> Exercise details
Go through the records below and copy out every line holding "Find".
+++ Dataset content +++
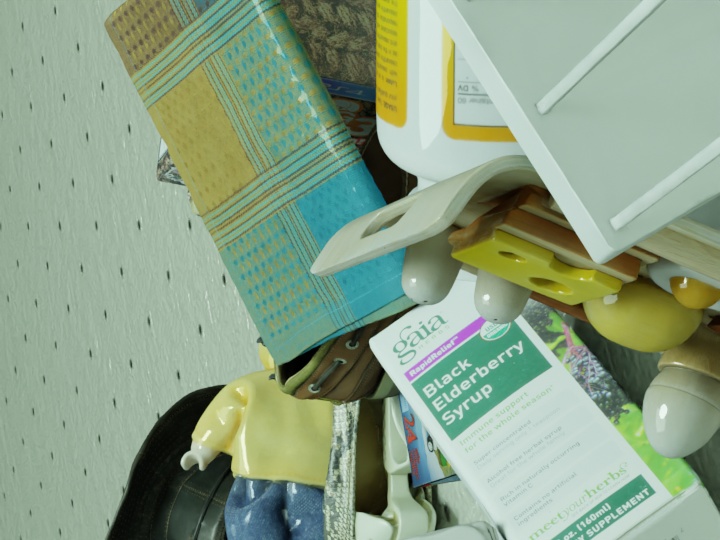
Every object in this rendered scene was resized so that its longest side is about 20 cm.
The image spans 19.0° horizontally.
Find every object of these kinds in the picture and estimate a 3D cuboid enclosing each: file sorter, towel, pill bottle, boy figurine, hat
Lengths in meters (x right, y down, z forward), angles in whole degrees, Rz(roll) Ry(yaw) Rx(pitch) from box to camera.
[{"bbox_3d":[0.101,-0.135,0.710,0.200,0.139,0.125,58,152,7],"label":"file sorter"},{"bbox_3d":[-0.048,-0.059,1.052,0.147,0.022,0.200,-25,93,57],"label":"towel"},{"bbox_3d":[0.062,-0.102,0.952,0.111,0.111,0.200,-141,47,-63],"label":"pill bottle"},{"bbox_3d":[-0.048,0.107,1.328,0.064,0.124,0.200,89,-177,-64],"label":"boy figurine"},{"bbox_3d":[-0.072,0.175,1.392,0.081,0.200,0.201,13,112,37],"label":"hat"}]

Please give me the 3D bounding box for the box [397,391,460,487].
[{"bbox_3d":[0.050,0.006,1.131,0.137,0.038,0.200,146,116,-68],"label":"box"}]

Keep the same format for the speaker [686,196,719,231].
[{"bbox_3d":[0.115,-0.108,0.849,0.081,0.081,0.200,-170,74,-70],"label":"speaker"}]

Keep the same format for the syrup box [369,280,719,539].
[{"bbox_3d":[0.085,0.082,0.951,0.081,0.079,0.200,56,179,-38],"label":"syrup box"}]

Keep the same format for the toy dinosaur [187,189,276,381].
[{"bbox_3d":[-0.039,0.012,1.236,0.200,0.047,0.088,44,-134,-59],"label":"toy dinosaur"}]

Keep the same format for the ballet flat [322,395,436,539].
[{"bbox_3d":[0.016,0.109,1.229,0.075,0.068,0.200,11,104,61],"label":"ballet flat"}]

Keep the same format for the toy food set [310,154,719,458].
[{"bbox_3d":[0.093,0.022,0.809,0.143,0.200,0.061,-22,49,70],"label":"toy food set"}]

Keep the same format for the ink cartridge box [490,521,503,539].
[{"bbox_3d":[0.113,0.192,1.003,0.200,0.044,0.094,-118,27,-46],"label":"ink cartridge box"}]

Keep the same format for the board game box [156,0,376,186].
[{"bbox_3d":[-0.035,-0.143,1.170,0.200,0.097,0.160,142,135,-66],"label":"board game box"}]

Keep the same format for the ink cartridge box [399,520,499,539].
[{"bbox_3d":[-0.003,0.174,0.966,0.200,0.144,0.085,85,170,-79],"label":"ink cartridge box"}]

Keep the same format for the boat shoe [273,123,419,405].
[{"bbox_3d":[0.000,0.000,1.108,0.072,0.068,0.200,-115,27,-42],"label":"boat shoe"}]
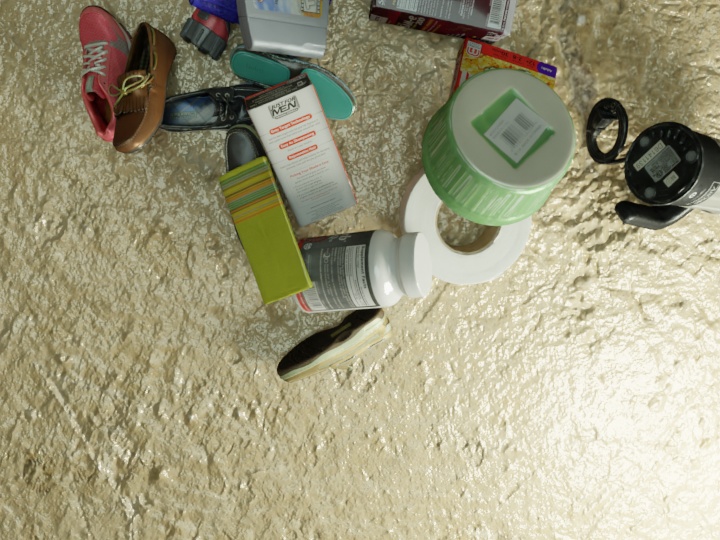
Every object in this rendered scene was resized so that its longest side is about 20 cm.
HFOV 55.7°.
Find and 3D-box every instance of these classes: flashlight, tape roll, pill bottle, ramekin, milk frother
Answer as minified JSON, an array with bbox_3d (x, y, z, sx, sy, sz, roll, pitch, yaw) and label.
[{"bbox_3d":[-0.185,-0.409,0.992,0.068,0.068,0.201,31,93,-33],"label":"flashlight"},{"bbox_3d":[0.163,-0.081,1.070,0.200,0.071,0.204,-1,100,-4],"label":"tape roll"},{"bbox_3d":[0.000,0.000,1.021,0.198,0.116,0.117,-5,102,21],"label":"pill bottle"},{"bbox_3d":[0.189,-0.171,0.918,0.198,0.098,0.202,3,74,-10],"label":"ramekin"},{"bbox_3d":[0.469,-0.177,1.047,0.187,0.180,0.202,2,69,-38],"label":"milk frother"}]

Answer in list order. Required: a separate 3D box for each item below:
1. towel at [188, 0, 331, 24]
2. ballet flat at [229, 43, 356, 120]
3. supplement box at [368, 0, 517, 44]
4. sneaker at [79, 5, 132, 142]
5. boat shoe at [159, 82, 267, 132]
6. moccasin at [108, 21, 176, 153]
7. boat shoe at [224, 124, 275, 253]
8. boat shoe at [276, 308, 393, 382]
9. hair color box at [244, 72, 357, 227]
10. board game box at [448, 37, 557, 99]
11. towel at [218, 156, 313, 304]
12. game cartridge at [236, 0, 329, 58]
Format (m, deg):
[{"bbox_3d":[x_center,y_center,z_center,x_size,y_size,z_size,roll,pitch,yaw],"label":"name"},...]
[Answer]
+++
> Task solution
Find every object of these kinds in the picture and estimate a 3D cuboid enclosing each: file sorter, towel, pill bottle, boy figurine, hat
Find and 3D-box every instance of these classes: flashlight, tape roll, pill bottle, ramekin, milk frother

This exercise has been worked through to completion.